A poluição do ar, sonora e química está entre as principais causas apontadas.
"Os estudos mostram de forma consistente que a poluição do ar, por exemplo na forma de partículas finas (PM2,5) e dióxido de nitrogênio (NO2), está associada à depressão e a sintomas depressivos", destacou a agência em relatório.
A exposição ao chumbo, a disruptores endócrinos e a outras substâncias químicas, sobretudo durante fases do desenvolvimento, pode aumentar o risco de transtornos mentais, acrescentou.

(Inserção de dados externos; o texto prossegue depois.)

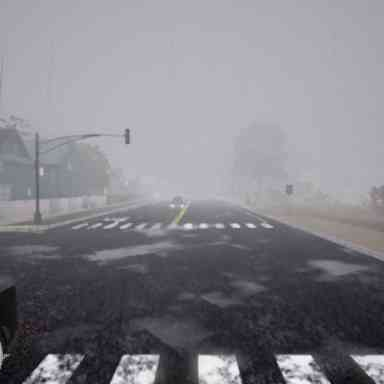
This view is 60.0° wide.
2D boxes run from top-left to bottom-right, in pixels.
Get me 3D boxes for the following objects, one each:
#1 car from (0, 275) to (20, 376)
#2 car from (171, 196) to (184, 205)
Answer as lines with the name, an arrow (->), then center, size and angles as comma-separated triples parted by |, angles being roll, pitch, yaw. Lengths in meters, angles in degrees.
car -> -3.186, 1.490, 2.226 | 1.882, 1.535, 5.008 | 0, 0, 1
car -> -2.307, 1.322, 54.707 | 1.882, 1.535, 5.008 | 0, 0, 1
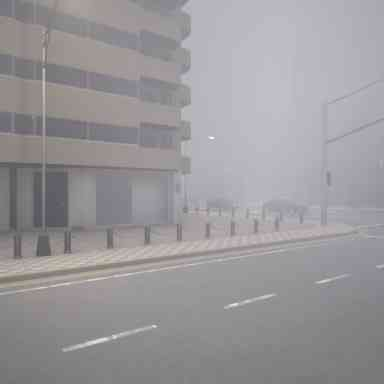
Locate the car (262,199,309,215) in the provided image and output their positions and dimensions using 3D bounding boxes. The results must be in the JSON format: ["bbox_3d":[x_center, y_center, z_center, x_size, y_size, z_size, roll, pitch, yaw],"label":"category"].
[{"bbox_3d":[9.359,1.428,33.598,1.882,1.535,5.008,0,0,-35],"label":"car"}]

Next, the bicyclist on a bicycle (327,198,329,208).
[{"bbox_3d":[17.308,1.253,43.052,1.656,1.620,0.582,0,0,-35],"label":"bicyclist on a bicycle"}]

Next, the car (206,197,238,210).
[{"bbox_3d":[3.697,1.442,41.618,2.128,1.511,4.902,0,0,-35],"label":"car"}]

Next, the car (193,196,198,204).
[{"bbox_3d":[-0.804,1.456,60.572,1.837,1.490,4.892,0,0,-34],"label":"car"}]

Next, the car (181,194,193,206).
[{"bbox_3d":[-2.506,1.442,50.537,2.128,1.511,4.902,0,0,-35],"label":"car"}]
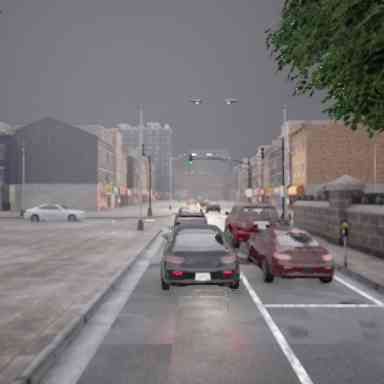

Além disso, a poluição sonora, como a provocada pelo tráfego aéreo e rodoviário, pode estar ligada a maior risco de depressão e ansiedade, especialmente em pessoas vulneráveis.
"Reduzir a poluição, em conformidade com o plano de ação 'Poluição Zero' da UE, poderia melhorar a saúde mental em toda a Europa", afirmou a agência.
Segundo o relatório, soluções baseadas na natureza também trazem benefícios comprovados para pessoas com transtornos mentais, ao reduzir estresse, ansiedade e depressão e melhorar o bem-estar geral por meio do contato com a natureza.
De acordo com a agência, os transtornos mentais representaram em 2023 o sexto tipo de doença mais frequente na União Europeia e foram a oitava causa de morte.